#### [EXERCISE OBJECTIVE]
Tell me how many lines in the data below hold the string "listed", and say nothing else.

#### [EXERCISE MATERIALS]
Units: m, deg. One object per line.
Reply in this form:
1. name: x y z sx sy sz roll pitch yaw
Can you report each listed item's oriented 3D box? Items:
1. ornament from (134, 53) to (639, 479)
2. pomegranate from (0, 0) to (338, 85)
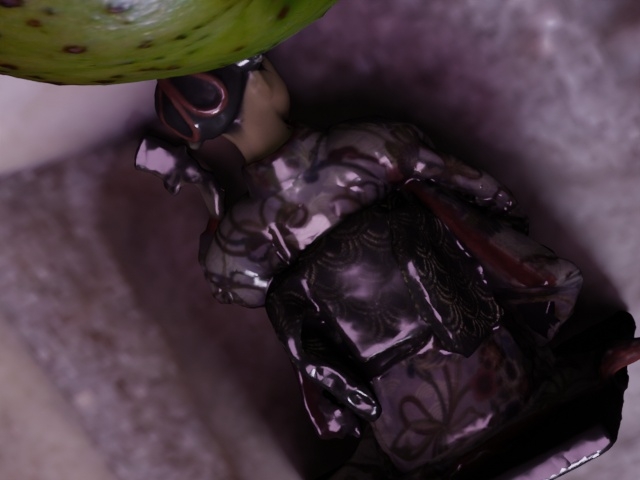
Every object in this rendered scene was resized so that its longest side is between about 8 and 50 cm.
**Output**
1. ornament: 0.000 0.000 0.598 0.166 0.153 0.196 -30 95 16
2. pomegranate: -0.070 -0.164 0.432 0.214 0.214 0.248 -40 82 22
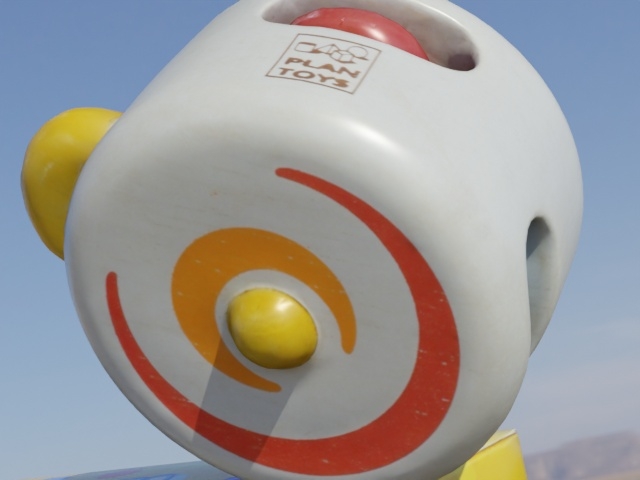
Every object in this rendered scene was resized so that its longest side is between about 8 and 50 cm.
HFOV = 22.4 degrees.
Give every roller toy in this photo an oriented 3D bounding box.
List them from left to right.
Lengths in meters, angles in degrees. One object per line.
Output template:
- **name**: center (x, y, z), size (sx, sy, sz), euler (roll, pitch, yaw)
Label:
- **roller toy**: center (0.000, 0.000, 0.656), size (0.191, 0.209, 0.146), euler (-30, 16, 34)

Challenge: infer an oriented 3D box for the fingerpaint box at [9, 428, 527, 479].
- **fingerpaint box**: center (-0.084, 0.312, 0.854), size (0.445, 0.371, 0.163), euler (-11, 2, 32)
...
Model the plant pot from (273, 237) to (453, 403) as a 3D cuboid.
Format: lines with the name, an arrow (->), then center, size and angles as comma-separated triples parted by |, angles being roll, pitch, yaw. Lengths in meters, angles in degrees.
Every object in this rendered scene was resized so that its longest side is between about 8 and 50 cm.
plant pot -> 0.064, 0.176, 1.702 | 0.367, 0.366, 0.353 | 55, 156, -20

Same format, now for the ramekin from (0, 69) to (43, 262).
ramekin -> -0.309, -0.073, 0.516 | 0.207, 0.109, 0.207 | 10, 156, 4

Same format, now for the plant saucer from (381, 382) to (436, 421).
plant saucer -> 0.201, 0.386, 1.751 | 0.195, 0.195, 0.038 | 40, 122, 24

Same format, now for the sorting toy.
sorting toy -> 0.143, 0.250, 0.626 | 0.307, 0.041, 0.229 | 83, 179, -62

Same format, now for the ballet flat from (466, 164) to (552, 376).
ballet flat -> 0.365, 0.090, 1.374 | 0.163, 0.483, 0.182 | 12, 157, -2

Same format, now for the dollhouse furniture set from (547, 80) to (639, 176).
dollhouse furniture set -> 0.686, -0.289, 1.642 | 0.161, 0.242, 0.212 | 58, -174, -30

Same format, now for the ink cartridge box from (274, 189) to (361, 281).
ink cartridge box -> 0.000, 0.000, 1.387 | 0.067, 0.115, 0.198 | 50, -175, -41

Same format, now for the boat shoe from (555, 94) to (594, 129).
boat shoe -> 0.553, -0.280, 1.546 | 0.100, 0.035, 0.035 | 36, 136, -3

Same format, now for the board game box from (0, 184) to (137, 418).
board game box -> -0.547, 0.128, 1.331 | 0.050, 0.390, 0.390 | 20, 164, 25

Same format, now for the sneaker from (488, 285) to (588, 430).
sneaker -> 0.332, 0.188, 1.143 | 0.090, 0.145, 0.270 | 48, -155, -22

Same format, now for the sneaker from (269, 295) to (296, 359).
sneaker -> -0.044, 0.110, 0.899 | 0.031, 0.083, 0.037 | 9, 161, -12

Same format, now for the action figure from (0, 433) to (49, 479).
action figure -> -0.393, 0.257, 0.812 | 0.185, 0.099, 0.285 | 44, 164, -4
==
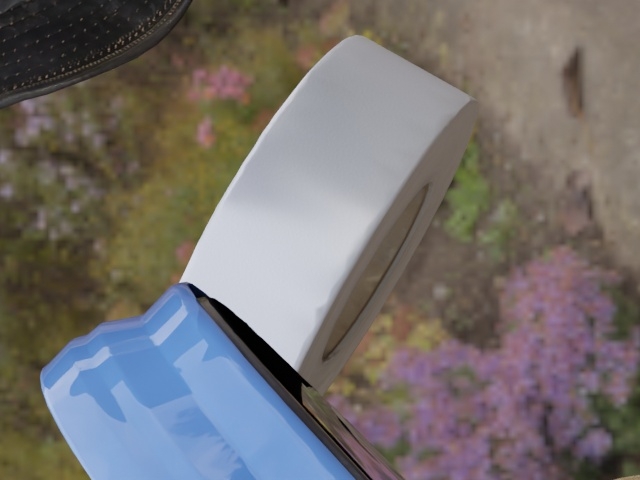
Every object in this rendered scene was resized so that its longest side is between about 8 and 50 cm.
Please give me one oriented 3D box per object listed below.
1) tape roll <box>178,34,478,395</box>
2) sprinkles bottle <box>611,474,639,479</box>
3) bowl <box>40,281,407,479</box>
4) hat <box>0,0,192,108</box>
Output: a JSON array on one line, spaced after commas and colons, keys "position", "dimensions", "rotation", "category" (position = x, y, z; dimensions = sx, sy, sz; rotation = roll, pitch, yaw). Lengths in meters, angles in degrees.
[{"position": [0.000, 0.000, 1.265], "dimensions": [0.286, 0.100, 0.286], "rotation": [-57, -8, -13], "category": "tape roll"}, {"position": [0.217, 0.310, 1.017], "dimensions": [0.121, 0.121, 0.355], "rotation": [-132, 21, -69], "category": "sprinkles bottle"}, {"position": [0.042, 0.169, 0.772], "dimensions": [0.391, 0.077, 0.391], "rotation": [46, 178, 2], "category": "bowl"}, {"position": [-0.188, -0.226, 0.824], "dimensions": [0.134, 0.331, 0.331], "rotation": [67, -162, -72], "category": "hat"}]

#### [EXERCISE ANSWER]
2